**Exercise**
Among the entries below, please repeat exactly and only the lines from the line containing "Place a 3D box" to the line containing "26) cardboard box (1619, 174, 1621, 184)", both lines included.

**Entries shown**
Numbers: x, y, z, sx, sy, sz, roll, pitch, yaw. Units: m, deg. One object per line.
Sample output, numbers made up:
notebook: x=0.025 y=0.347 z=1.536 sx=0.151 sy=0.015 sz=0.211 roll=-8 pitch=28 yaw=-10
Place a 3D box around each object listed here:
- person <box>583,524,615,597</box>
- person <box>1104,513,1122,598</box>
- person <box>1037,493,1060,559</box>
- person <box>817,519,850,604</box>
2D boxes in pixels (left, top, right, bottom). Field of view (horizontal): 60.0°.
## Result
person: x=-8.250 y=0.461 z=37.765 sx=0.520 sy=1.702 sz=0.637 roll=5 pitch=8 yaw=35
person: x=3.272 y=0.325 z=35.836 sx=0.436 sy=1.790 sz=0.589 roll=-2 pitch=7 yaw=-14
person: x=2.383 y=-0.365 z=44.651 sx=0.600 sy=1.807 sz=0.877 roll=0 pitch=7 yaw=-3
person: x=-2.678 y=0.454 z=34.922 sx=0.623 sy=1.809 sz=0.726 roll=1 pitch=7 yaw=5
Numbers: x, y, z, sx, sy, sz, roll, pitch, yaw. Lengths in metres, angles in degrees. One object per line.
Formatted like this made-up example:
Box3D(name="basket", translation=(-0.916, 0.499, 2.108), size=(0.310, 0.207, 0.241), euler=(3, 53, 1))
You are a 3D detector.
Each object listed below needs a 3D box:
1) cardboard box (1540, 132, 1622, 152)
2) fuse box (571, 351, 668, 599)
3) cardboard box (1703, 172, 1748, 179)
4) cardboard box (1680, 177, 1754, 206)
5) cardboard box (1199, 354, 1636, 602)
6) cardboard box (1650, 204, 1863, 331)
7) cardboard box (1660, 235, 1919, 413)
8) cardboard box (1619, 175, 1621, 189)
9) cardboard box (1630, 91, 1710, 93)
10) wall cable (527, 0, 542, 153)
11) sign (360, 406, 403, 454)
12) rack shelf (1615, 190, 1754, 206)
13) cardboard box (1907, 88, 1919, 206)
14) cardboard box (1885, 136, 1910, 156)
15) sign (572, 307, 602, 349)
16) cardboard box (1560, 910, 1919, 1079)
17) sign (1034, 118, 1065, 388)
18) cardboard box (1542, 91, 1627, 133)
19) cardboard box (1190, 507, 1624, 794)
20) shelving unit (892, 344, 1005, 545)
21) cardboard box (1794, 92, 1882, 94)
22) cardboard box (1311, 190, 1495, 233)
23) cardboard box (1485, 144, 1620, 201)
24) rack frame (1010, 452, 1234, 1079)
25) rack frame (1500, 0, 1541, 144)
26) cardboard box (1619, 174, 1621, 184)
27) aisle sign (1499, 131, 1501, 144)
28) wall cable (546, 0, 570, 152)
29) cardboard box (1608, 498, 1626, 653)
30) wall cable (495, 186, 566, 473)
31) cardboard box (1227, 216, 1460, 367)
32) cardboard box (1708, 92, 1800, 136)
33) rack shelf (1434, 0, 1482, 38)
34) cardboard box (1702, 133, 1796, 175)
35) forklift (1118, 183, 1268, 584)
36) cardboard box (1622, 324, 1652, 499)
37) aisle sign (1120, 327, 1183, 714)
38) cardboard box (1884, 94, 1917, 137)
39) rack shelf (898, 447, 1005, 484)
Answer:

...

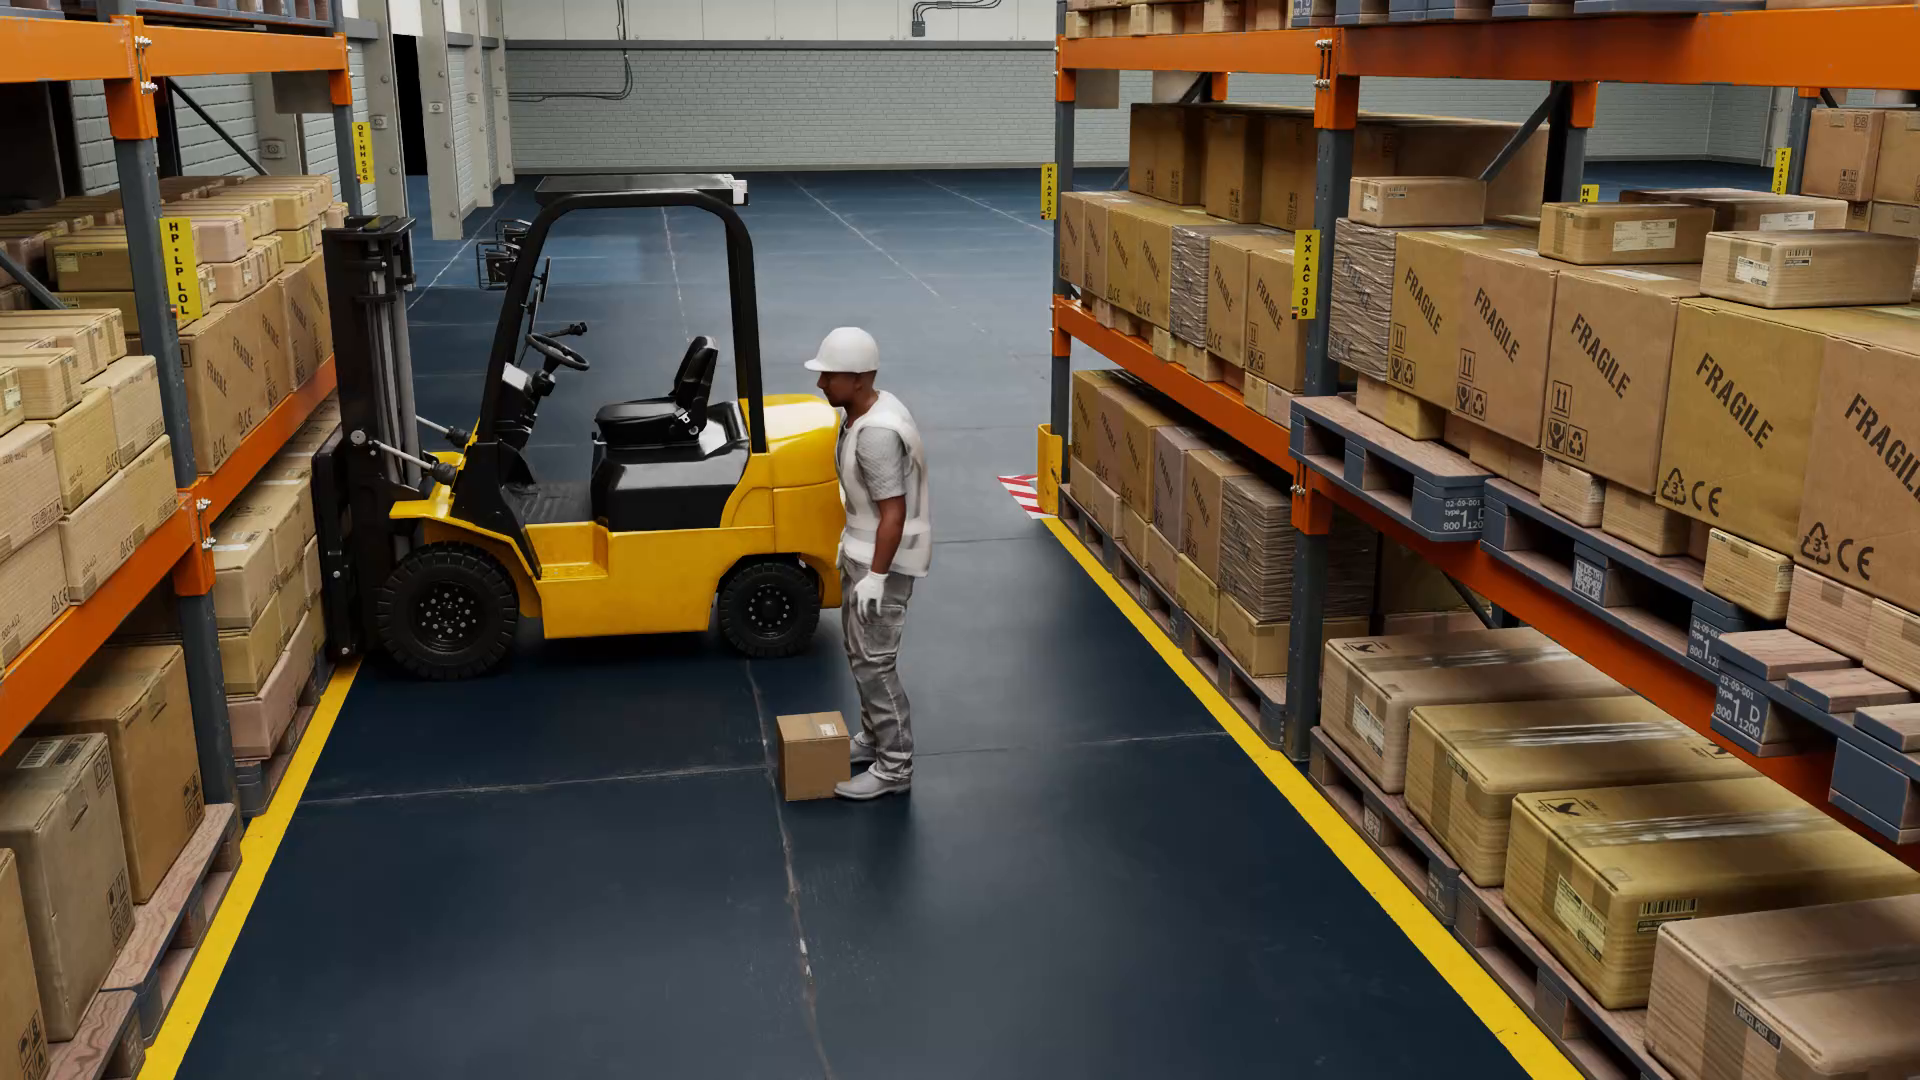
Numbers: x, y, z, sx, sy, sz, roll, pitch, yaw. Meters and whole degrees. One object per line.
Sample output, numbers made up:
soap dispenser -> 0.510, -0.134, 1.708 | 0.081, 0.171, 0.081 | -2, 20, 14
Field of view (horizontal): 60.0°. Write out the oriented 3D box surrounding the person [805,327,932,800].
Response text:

**Solution**
Place a 3D box around each object listed here:
- person <box>583,524,615,597</box>
- person <box>1104,513,1122,598</box>
- person <box>1037,493,1060,559</box>
- person <box>817,519,850,604</box>
2D boxes in pixels (left, top, right, bottom). Field of view (horizontal): 60.0°.
## Result
person: x=-8.250 y=0.461 z=37.765 sx=0.520 sy=1.702 sz=0.637 roll=5 pitch=8 yaw=35
person: x=3.272 y=0.325 z=35.836 sx=0.436 sy=1.790 sz=0.589 roll=-2 pitch=7 yaw=-14
person: x=2.383 y=-0.365 z=44.651 sx=0.600 sy=1.807 sz=0.877 roll=0 pitch=7 yaw=-3
person: x=-2.678 y=0.454 z=34.922 sx=0.623 sy=1.809 sz=0.726 roll=1 pitch=7 yaw=5
Numbers: x, y, z, sx, sy, sz, roll, pitch, yaw. Lengths in metres, angles in degrees. One object per line.
Formatted like this made-up example:
Box3D(name="basket", translation=(-0.916, 0.499, 2.108), size=(0.310, 0.207, 0.241), euler=(3, 53, 1))
You are a 3D detector.
Each object listed below needs a 3D box:
1) cardboard box (1540, 132, 1622, 152)
2) fuse box (571, 351, 668, 599)
3) cardboard box (1703, 172, 1748, 179)
4) cardboard box (1680, 177, 1754, 206)
5) cardboard box (1199, 354, 1636, 602)
6) cardboard box (1650, 204, 1863, 331)
7) cardboard box (1660, 235, 1919, 413)
8) cardboard box (1619, 175, 1621, 189)
9) cardboard box (1630, 91, 1710, 93)
10) wall cable (527, 0, 542, 153)
11) sign (360, 406, 403, 454)
12) rack shelf (1615, 190, 1754, 206)
13) cardboard box (1907, 88, 1919, 206)
14) cardboard box (1885, 136, 1910, 156)
15) sign (572, 307, 602, 349)
16) cardboard box (1560, 910, 1919, 1079)
17) sign (1034, 118, 1065, 388)
18) cardboard box (1542, 91, 1627, 133)
19) cardboard box (1190, 507, 1624, 794)
20) shelving unit (892, 344, 1005, 545)
21) cardboard box (1794, 92, 1882, 94)
22) cardboard box (1311, 190, 1495, 233)
23) cardboard box (1485, 144, 1620, 201)
24) rack frame (1010, 452, 1234, 1079)
25) rack frame (1500, 0, 1541, 144)
26) cardboard box (1619, 174, 1621, 184)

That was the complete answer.